We performed a prospective study of 165 patients undergoing elective laparoscopic surgery for colonic and upper rectal cancer, enrolled from October 2008 to October 2010. Patients were assigned randomly to groups that received electroacupuncture (n = 55) or sham acupuncture (n = 55), once daily from postoperative days 1-4, or no acupuncture (n = 55). The acupoints Zusanli, Sanyinjiao, Hegu, and Zhigou were used. The primary outcome was time to defecation. Secondary outcomes included postoperative analgesic requirement, time to ambulation, and length of hospital stay.

RESULTS:

Patients who received electroacupuncture had a shorter time to defecation than patients who received no acupuncture (85.9 ± 3 6.1 vs 122.1 ± 53.5 h; P < .001) and length of hospital stay (6.5 ± 2.2 vs 8.5 ± 4.8 days; P = .007).

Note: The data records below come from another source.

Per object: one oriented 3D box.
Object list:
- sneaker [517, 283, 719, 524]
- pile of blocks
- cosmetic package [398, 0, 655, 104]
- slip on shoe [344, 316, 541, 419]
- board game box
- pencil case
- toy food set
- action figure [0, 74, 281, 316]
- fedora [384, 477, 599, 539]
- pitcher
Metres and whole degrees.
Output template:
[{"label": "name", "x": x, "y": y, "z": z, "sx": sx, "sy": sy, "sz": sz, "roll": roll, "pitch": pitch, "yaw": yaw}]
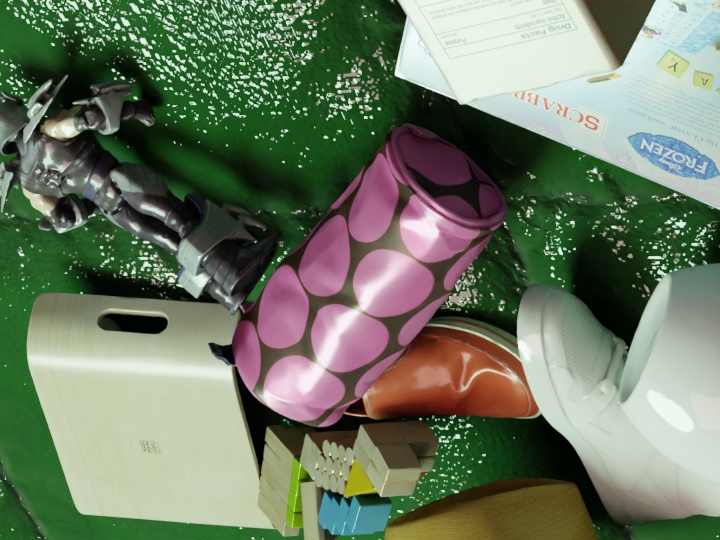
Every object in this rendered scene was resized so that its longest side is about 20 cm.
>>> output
[{"label": "sneaker", "x": 0.175, "y": 0.076, "z": 1.620, "sx": 0.115, "sy": 0.074, "sz": 0.200, "roll": -3, "pitch": 140, "yaw": 32}, {"label": "pile of blocks", "x": 0.001, "y": 0.137, "z": 1.752, "sx": 0.062, "sy": 0.083, "sz": 0.200, "roll": -1, "pitch": 177, "yaw": -26}, {"label": "cosmetic package", "x": 0.054, "y": -0.187, "z": 1.349, "sx": 0.105, "sy": 0.071, "sz": 0.201, "roll": -8, "pitch": 125, "yaw": 37}, {"label": "slip on shoe", "x": 0.025, "y": 0.066, "z": 1.704, "sx": 0.199, "sy": 0.061, "sz": 0.074, "roll": 8, "pitch": 134, "yaw": 23}, {"label": "board game box", "x": 0.127, "y": -0.146, "z": 1.433, "sx": 0.199, "sy": 0.041, "sz": 0.200, "roll": 24, "pitch": 139, "yaw": 10}, {"label": "pencil case", "x": 0.000, "y": 0.000, "z": 1.608, "sx": 0.090, "sy": 0.094, "sz": 0.200, "roll": 10, "pitch": 135, "yaw": -38}, {"label": "toy food set", "x": -0.131, "y": 0.096, "z": 1.845, "sx": 0.142, "sy": 0.061, "sz": 0.201, "roll": 4, "pitch": 137, "yaw": 15}, {"label": "action figure", "x": -0.146, "y": -0.050, "z": 1.688, "sx": 0.199, "sy": 0.070, "sz": 0.130, "roll": 34, "pitch": 148, "yaw": 2}, {"label": "fedora", "x": 0.079, "y": 0.174, "z": 1.675, "sx": 0.200, "sy": 0.200, "sz": 0.082, "roll": -10, "pitch": 92, "yaw": 38}, {"label": "pitcher", "x": 0.256, "y": 0.056, "z": 1.513, "sx": 0.199, "sy": 0.122, "sz": 0.172, "roll": 20, "pitch": 136, "yaw": -2}]
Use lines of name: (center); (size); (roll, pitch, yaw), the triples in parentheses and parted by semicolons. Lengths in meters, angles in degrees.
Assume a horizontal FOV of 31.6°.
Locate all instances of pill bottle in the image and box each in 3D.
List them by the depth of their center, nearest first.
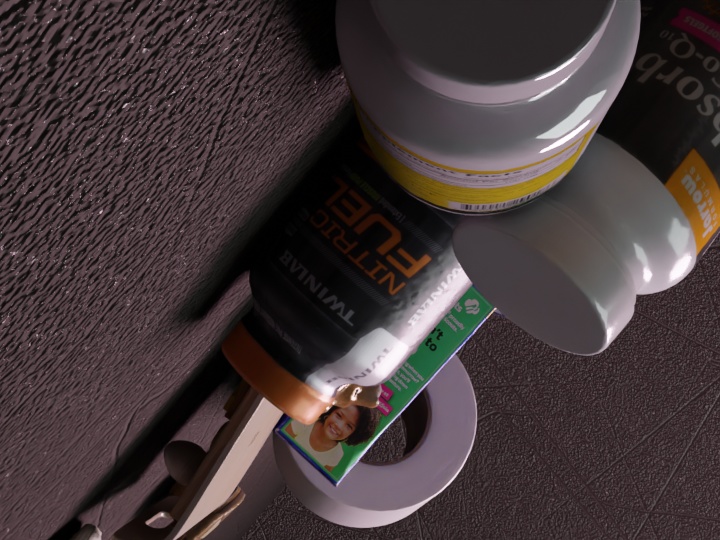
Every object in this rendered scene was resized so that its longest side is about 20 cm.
pill bottle: (0.048, -0.088, 0.494); (0.111, 0.111, 0.200); (-48, 174, -2)
pill bottle: (0.143, -0.061, 0.649); (0.200, 0.116, 0.116); (-49, 174, -18)
pill bottle: (0.009, -0.007, 0.732); (0.200, 0.106, 0.106); (-50, 174, 4)

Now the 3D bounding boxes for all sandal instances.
sandal: (-0.153, 0.211, 1.222); (0.080, 0.054, 0.200); (-44, -171, 6)

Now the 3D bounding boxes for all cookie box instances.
cookie box: (0.003, 0.072, 1.101); (0.200, 0.075, 0.171); (-48, -167, -6)

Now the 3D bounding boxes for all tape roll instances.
tape roll: (0.011, 0.161, 1.332); (0.203, 0.203, 0.139); (-47, 173, -18)

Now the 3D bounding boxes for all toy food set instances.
toy food set: (-0.103, 0.108, 0.940); (0.200, 0.060, 0.143); (-58, 173, 6)

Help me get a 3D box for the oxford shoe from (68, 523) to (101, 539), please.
oxford shoe: (-0.214, 0.244, 0.940); (0.075, 0.058, 0.200); (-41, 169, -37)

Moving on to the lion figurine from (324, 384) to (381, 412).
lion figurine: (0.000, 0.000, 0.842); (0.122, 0.072, 0.200); (-46, 151, -38)

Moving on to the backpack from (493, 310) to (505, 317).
backpack: (0.147, -0.044, 1.157); (0.154, 0.200, 0.190); (-35, 180, -16)
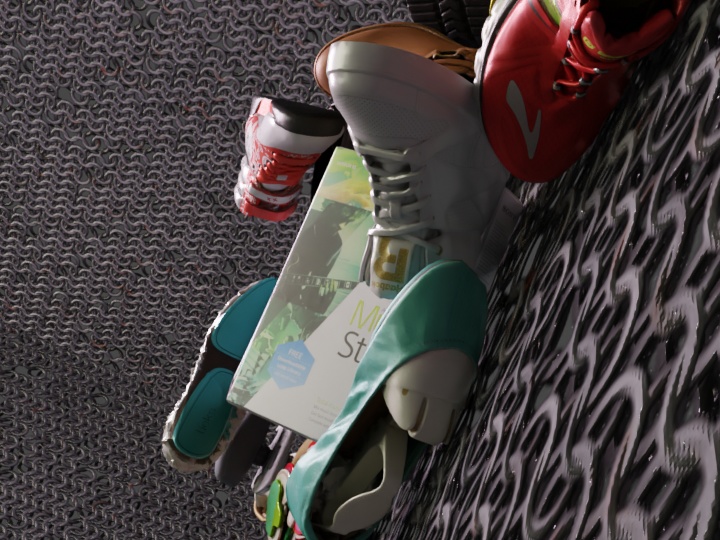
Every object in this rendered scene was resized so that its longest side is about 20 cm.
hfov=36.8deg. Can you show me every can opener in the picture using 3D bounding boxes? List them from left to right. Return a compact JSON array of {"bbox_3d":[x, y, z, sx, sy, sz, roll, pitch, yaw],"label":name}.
[{"bbox_3d":[-0.060,0.107,0.971,0.200,0.066,0.053,-62,16,-19],"label":"can opener"}]

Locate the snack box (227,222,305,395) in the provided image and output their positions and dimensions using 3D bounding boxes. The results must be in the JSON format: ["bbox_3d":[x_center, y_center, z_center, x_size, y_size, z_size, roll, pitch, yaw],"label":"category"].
[{"bbox_3d":[-0.010,0.046,0.942,0.053,0.142,0.200,115,178,-61],"label":"snack box"}]

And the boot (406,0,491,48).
[{"bbox_3d":[0.107,-0.236,0.920,0.138,0.077,0.200,-62,-37,-37],"label":"boot"}]

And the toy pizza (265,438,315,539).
[{"bbox_3d":[-0.049,0.210,0.812,0.200,0.032,0.201,-168,90,-76],"label":"toy pizza"}]

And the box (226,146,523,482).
[{"bbox_3d":[0.007,0.023,0.731,0.036,0.144,0.200,36,-105,-54],"label":"box"}]

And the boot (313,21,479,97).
[{"bbox_3d":[0.043,-0.137,0.820,0.155,0.200,0.077,-49,-29,-66],"label":"boot"}]

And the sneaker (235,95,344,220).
[{"bbox_3d":[-0.065,-0.094,0.956,0.201,0.067,0.108,-143,62,-71],"label":"sneaker"}]

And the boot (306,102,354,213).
[{"bbox_3d":[0.045,-0.128,1.044,0.069,0.174,0.200,18,91,58],"label":"boot"}]

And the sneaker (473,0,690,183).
[{"bbox_3d":[0.105,-0.114,0.494,0.085,0.077,0.200,-83,10,-48],"label":"sneaker"}]

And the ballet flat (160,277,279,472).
[{"bbox_3d":[-0.118,0.092,0.956,0.200,0.072,0.072,-59,-3,-30],"label":"ballet flat"}]

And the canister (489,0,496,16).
[{"bbox_3d":[0.141,-0.223,0.668,0.200,0.086,0.149,-70,3,-55],"label":"canister"}]

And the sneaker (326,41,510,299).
[{"bbox_3d":[0.029,-0.041,0.604,0.200,0.074,0.116,31,-105,-60],"label":"sneaker"}]

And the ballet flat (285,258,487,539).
[{"bbox_3d":[0.022,0.089,0.617,0.200,0.067,0.070,-59,32,25],"label":"ballet flat"}]

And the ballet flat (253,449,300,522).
[{"bbox_3d":[-0.067,0.209,1.014,0.200,0.063,0.069,114,172,-61],"label":"ballet flat"}]
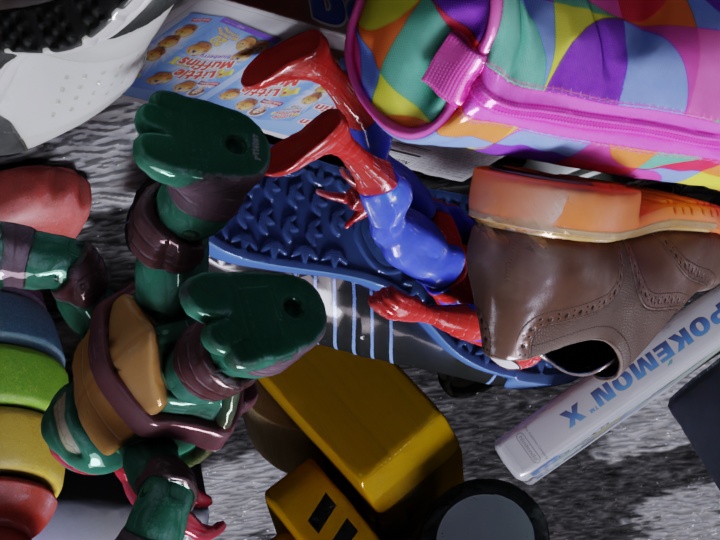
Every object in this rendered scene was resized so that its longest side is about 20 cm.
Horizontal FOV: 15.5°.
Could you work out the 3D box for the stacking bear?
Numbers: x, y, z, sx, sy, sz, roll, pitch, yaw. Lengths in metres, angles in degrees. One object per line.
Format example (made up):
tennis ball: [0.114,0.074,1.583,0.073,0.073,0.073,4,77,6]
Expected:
stacking bear: [-0.161,0.071,1.026,0.121,0.200,0.114,1,156,-26]

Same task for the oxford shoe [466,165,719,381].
oxford shoe: [0.089,0.003,0.995,0.071,0.073,0.200,11,-176,29]

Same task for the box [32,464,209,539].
box: [-0.178,0.157,1.165,0.198,0.123,0.200,4,113,-12]

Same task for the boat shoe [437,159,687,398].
boat shoe: [0.089,-0.003,1.138,0.071,0.064,0.200,2,155,-28]

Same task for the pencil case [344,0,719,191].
pencil case: [0.092,-0.073,0.942,0.200,0.088,0.088,7,153,-37]

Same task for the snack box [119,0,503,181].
snack box: [-0.008,-0.073,0.975,0.200,0.024,0.072,12,148,-43]

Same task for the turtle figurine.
turtle figurine: [-0.084,0.034,0.914,0.101,0.150,0.200,-24,164,-40]

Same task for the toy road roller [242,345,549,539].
toy road roller: [-0.013,0.122,1.190,0.146,0.200,0.123,-37,161,-11]

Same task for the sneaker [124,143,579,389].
sneaker: [0.000,0.000,1.075,0.200,0.070,0.078,23,160,-23]

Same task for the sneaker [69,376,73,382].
sneaker: [-0.134,0.104,1.297,0.115,0.075,0.200,-9,158,-9]

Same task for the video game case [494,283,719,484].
video game case: [0.141,0.035,1.160,0.182,0.022,0.200,-35,172,1]

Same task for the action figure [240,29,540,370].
action figure: [0.020,-0.012,0.979,0.052,0.065,0.200,-32,139,15]

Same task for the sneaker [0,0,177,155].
sneaker: [-0.094,-0.092,0.851,0.080,0.074,0.200,-11,168,-39]

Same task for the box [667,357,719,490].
box: [0.284,0.089,1.200,0.197,0.200,0.117,-24,166,-29]
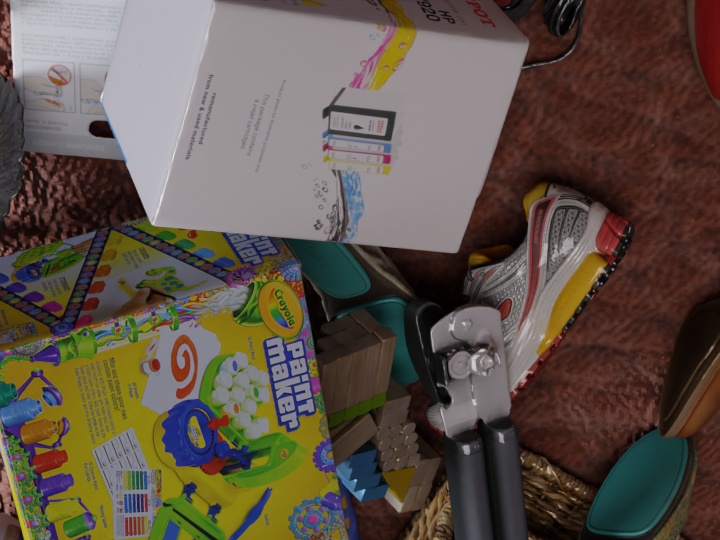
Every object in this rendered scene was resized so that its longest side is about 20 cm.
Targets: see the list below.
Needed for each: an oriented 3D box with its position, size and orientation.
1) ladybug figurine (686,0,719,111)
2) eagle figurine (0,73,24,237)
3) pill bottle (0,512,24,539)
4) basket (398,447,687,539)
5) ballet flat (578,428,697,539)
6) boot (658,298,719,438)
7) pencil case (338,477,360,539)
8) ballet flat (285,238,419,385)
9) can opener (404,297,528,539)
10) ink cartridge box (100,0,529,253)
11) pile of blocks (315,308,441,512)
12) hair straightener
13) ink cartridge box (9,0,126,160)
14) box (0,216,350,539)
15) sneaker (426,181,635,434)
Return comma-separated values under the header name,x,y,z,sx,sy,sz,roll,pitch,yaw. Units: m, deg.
name,x,y,z,sx,sy,sz,roll,pitch,yaw
ladybug figurine,0.269,-0.161,1.212,0.135,0.072,0.201,-7,115,6
eagle figurine,-0.274,-0.008,1.270,0.151,0.151,0.201,-25,113,-29
pill bottle,-0.197,0.263,1.411,0.199,0.116,0.116,26,114,-9
basket,0.123,0.235,1.368,0.199,0.143,0.149,30,114,-12
ballet flat,0.179,0.198,1.343,0.070,0.200,0.071,23,147,16
boot,0.302,0.057,1.317,0.154,0.074,0.201,25,117,-14
pencil case,-0.049,0.166,1.376,0.078,0.087,0.201,10,123,43
ballet flat,0.000,0.000,1.302,0.067,0.063,0.200,-12,141,17
can opener,0.074,0.112,1.291,0.052,0.066,0.201,-17,107,-23
ink cartridge box,-0.031,-0.115,1.174,0.199,0.147,0.145,5,121,-25
pile of blocks,-0.007,0.097,1.321,0.082,0.062,0.201,-37,141,-13
hair straightener,0.136,-0.193,1.220,0.077,0.041,0.201,24,114,-8
ink cartridge box,-0.140,-0.164,1.253,0.159,0.047,0.201,4,126,0
box,-0.125,0.085,1.203,0.191,0.122,0.201,-15,118,-13
sneaker,0.100,0.026,1.319,0.082,0.078,0.201,37,114,9
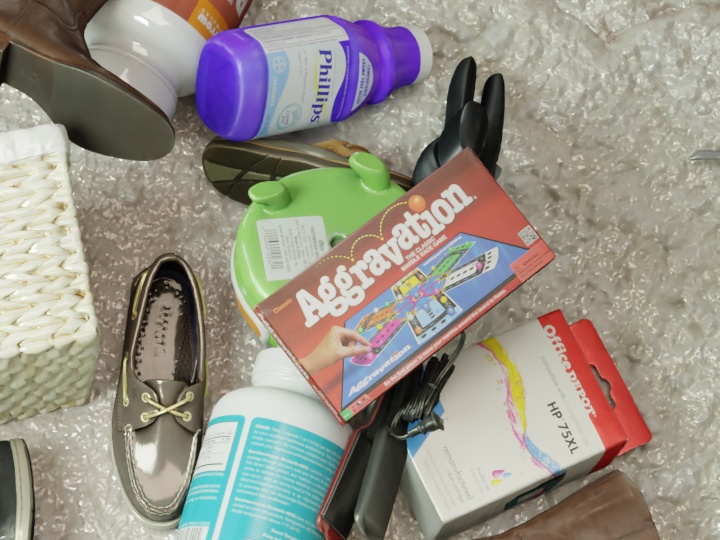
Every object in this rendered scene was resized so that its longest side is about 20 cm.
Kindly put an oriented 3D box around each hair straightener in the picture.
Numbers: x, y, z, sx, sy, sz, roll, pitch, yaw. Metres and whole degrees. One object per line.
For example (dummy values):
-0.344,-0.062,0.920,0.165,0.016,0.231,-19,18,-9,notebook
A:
0.038,0.109,1.588,0.041,0.077,0.201,53,48,-32,hair straightener

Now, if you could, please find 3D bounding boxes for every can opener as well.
0.087,-0.104,1.715,0.063,0.079,0.200,40,29,-11,can opener

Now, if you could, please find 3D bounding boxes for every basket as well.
-0.288,0.016,1.570,0.197,0.200,0.162,-13,74,-14,basket

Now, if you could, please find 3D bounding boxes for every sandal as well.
-0.023,-0.069,1.722,0.198,0.082,0.055,16,46,4,sandal

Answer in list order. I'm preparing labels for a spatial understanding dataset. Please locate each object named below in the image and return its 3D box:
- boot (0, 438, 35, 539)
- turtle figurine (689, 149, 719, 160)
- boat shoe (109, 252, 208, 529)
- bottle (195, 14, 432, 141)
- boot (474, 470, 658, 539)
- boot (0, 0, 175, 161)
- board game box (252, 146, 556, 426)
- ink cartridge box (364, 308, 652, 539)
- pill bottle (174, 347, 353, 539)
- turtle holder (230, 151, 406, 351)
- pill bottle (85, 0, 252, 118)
-0.306,0.212,1.565,0.149,0.073,0.202,5,75,-8,boot
0.407,-0.085,1.753,0.193,0.144,0.200,-36,83,-23,turtle figurine
-0.145,0.087,1.641,0.071,0.060,0.202,5,69,-8,boat shoe
-0.032,-0.153,1.717,0.199,0.084,0.065,-13,35,-38,bottle
0.155,0.258,1.625,0.199,0.064,0.188,-18,78,-21,boot
-0.190,-0.182,1.615,0.185,0.064,0.201,28,41,-4,boot
0.032,0.009,1.570,0.200,0.019,0.103,-37,84,-19,board game box
0.118,0.109,1.672,0.199,0.067,0.117,-23,73,-16,ink cartridge box
-0.067,0.161,1.600,0.110,0.111,0.201,17,69,-3,pill bottle
-0.009,-0.006,1.658,0.185,0.132,0.141,-34,72,-26,turtle holder
-0.145,-0.208,1.722,0.112,0.112,0.201,25,68,1,pill bottle

Patients who received electroacupuncture also had a shorter time to defecation than patients who received sham acupuncture (85.9 ± 36.1 vs 107.5 ± 46.2 h; P = .007). Electroacupuncture was more effective than no or sham acupuncture in reducing postoperative analgesic requirement and time to ambulation. In multiple linear regression analysis, an absence of complications and electroacupuncture were associated with a shorter duration of postoperative ileus and hospital stay after the surgery.

CONCLUSIONS:

In a clinical trial, electroacupuncture reduced the duration of postoperative ileus, time to ambulation, and postoperative analgesic requirement, compared with no or sham acupuncture, after laparoscopic surgery for colorectal cancer. ClinicalTrials.gov number, NCT00464425.